[Extracted records]
[Start of section]

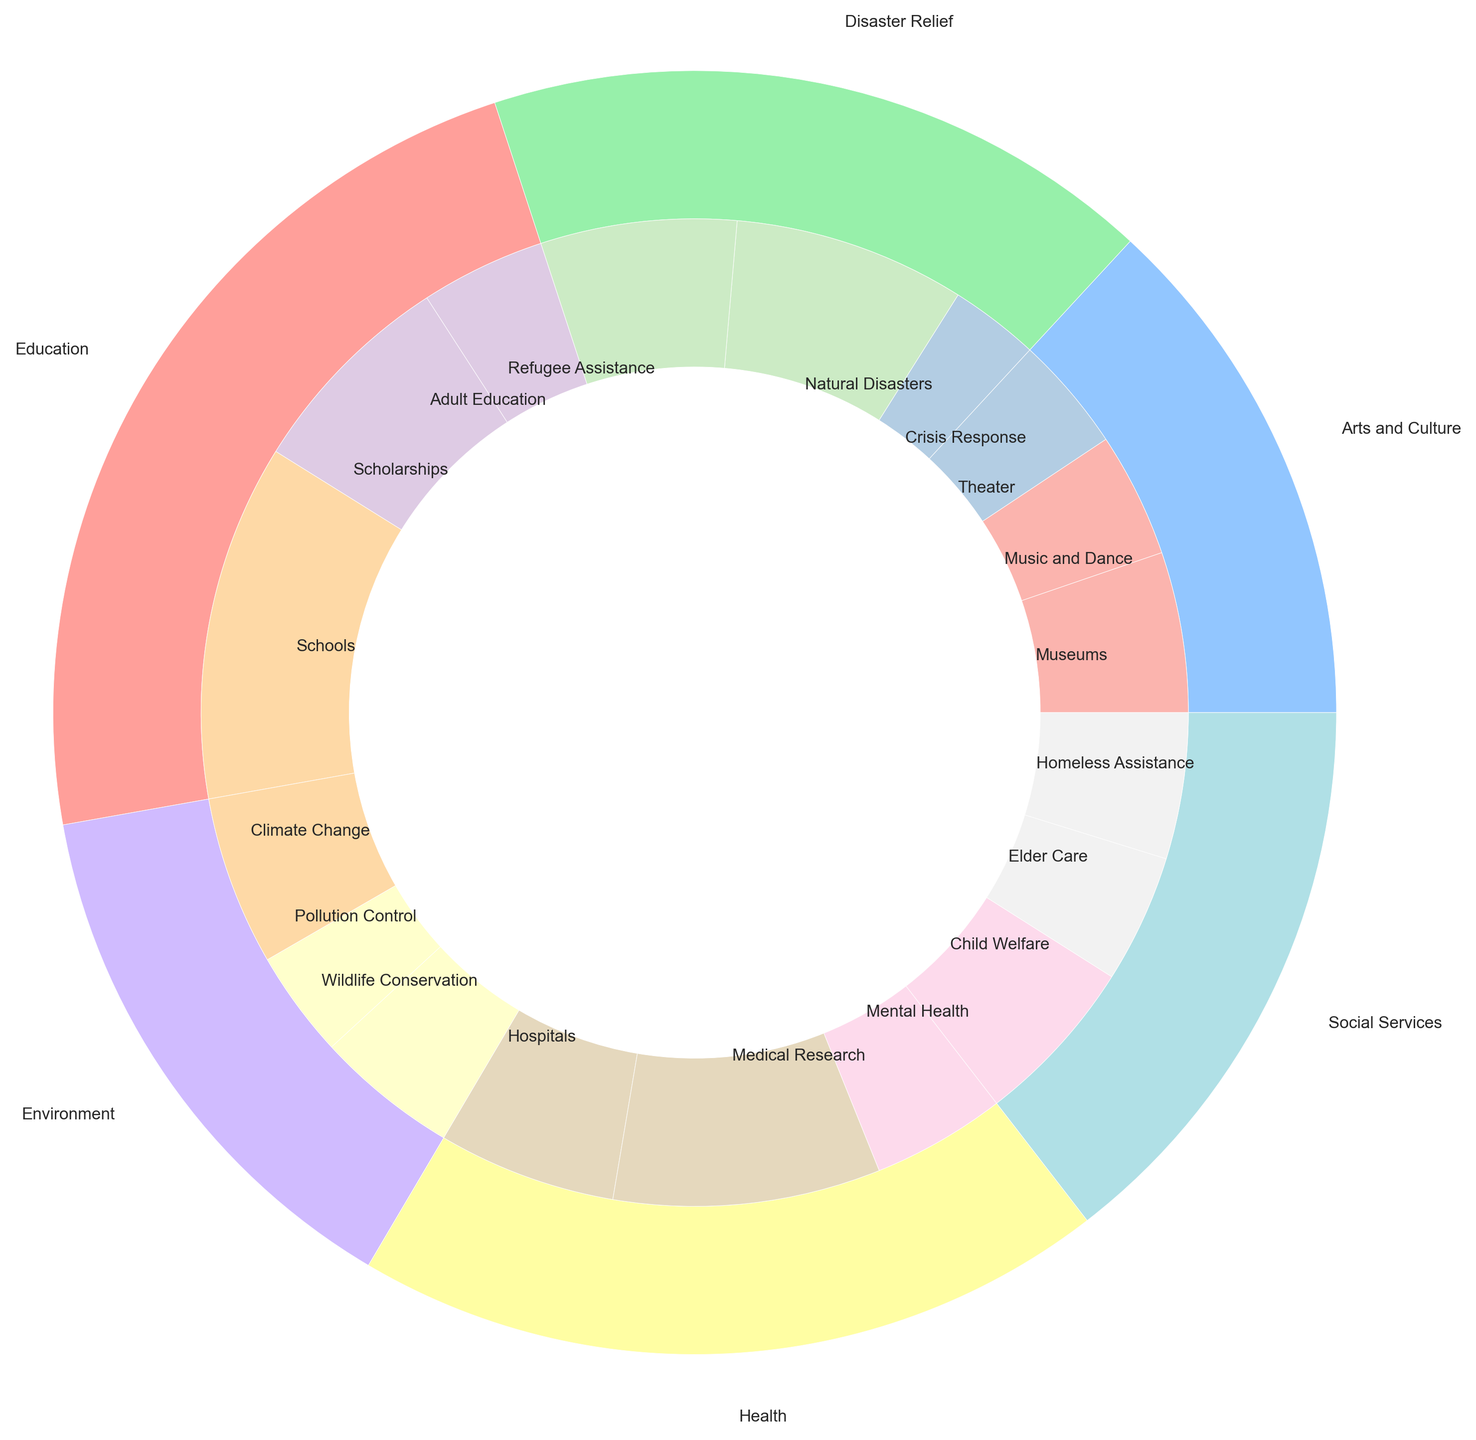Which category received the highest total amount of donations? To determine this, you need to look at the outer labels and sizes of the pie chart. The category with the largest section represents the highest total amount.
Answer: Education How much more is donated to Health than to Social Services? First, find the total donations for Health and Social Services from the chart. Health has $325,000 and Social Services has $249,000. The difference is $325,000 - $249,000.
Answer: $76,000 What percentage of the total donations is given to Disaster Relief for Natural Disasters? To determine this, find the segment representing Natural Disasters under Disaster Relief. It has $130,000. The total donations can be calculated by summing all the amounts ($1,380,000). The percentage is ($130,000 / $1,380,000) * 100.
Answer: 9.42% Is the amount donated to Theater more or less than the amount donated to Mental Health? Compare the sizes of the segments labeled Theater and Mental Health in the inner pie chart. Theater received $65,000 whereas Mental Health received $75,000.
Answer: Less Which segment in the inner pie has the second highest donation amount and which category does it belong to? First, identify the subcategories with the highest donations and sort them. The second highest subcategory is Schools under Education with $200,000.
Answer: Schools under Education How much total donation was given to Environment-related causes? Sum the donations for all subcategories within the Environment category. Wildlife Conservation: $80,000, Climate Change: $95,000, Pollution Control: $60,000. Total: $80,000 + $95,000 + $60,000.
Answer: $235,000 Among the health-related donations, which specific subcategory received the smallest share? Within the Health category, compare the sections of Medical Research, Hospitals, and Mental Health. Mental Health received the smallest share of $75,000.
Answer: Mental Health Which category has a larger total donation: Arts and Culture or Disaster Relief? Compare the total amounts for Arts and Culture ($225,000) and Disaster Relief ($290,000) using the outer pie chart.
Answer: Disaster Relief What is the difference in donation amounts between the largest Health subcategory and the smallest Education subcategory? Identify the subcategories for both categories. The largest Health subcategory is Medical Research ($150,000) and the smallest Education subcategory is Adult Education ($70,000). The difference is $150,000 - $70,000.
Answer: $80,000

[End of section]

Among the entries, work out how many lines include the word "than". Answer with that number only.

2